══ Data listing

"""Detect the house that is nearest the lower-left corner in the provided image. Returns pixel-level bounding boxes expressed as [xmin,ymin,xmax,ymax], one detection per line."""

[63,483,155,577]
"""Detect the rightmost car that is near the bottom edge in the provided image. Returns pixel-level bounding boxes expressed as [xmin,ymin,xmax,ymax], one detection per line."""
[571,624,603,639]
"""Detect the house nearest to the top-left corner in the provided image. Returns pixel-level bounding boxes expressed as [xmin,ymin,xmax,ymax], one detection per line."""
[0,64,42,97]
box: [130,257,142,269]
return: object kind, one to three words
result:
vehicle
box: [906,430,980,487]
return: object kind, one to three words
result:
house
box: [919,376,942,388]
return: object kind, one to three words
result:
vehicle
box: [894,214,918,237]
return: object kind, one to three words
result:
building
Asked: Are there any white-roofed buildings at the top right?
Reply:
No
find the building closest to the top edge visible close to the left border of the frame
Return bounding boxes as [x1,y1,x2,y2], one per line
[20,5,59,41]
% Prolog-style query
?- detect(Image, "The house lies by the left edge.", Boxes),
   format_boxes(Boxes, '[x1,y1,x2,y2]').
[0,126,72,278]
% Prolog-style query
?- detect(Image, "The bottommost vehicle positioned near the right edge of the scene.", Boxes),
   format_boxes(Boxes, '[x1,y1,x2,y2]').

════
══ Data listing

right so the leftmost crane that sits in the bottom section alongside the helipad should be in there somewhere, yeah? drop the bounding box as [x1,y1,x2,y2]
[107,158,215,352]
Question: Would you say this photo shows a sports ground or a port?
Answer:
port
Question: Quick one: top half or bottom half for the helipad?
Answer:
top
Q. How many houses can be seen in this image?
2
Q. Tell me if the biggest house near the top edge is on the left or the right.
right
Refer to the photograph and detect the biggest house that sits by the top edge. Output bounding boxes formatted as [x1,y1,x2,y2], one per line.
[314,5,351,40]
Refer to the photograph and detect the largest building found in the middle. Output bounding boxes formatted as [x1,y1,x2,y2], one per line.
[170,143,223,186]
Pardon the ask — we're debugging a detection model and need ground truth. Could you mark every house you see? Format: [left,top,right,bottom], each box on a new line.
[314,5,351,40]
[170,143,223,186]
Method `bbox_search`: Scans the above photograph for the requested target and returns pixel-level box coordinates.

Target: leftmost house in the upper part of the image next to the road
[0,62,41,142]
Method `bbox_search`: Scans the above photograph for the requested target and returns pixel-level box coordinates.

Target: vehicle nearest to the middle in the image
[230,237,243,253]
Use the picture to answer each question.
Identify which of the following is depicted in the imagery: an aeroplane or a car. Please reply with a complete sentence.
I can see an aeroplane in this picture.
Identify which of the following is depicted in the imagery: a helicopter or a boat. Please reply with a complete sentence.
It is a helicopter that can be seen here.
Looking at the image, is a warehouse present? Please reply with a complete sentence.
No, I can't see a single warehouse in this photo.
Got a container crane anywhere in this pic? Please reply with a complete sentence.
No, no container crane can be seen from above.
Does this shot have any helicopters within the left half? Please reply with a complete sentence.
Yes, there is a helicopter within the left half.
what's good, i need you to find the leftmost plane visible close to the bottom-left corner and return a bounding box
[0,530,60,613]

════

• _What you should do_:
Word for word, restate the lines above from the line containing "the house that" through the line containing "house lies by", with both included and nothing else.

• _Exercise response_:
"""Detect the house that is nearest the lower-left corner in the provided image. Returns pixel-level bounding boxes expressed as [xmin,ymin,xmax,ymax], one detection per line."""

[63,483,155,577]
"""Detect the rightmost car that is near the bottom edge in the provided image. Returns pixel-level bounding boxes expressed as [xmin,ymin,xmax,ymax], one detection per line."""
[571,624,603,639]
"""Detect the house nearest to the top-left corner in the provided image. Returns pixel-level bounding boxes expressed as [xmin,ymin,xmax,ymax], one detection per line."""
[0,64,42,97]
box: [130,257,142,269]
return: object kind, one to three words
result:
vehicle
box: [906,430,980,487]
return: object kind, one to three words
result:
house
box: [919,376,942,388]
return: object kind, one to three words
result:
vehicle
box: [894,214,918,237]
return: object kind, one to three words
result:
building
Asked: Are there any white-roofed buildings at the top right?
Reply:
No
find the building closest to the top edge visible close to the left border of the frame
Return bounding boxes as [x1,y1,x2,y2], one per line
[20,5,59,41]
% Prolog-style query
?- detect(Image, "The house lies by the left edge.", Boxes),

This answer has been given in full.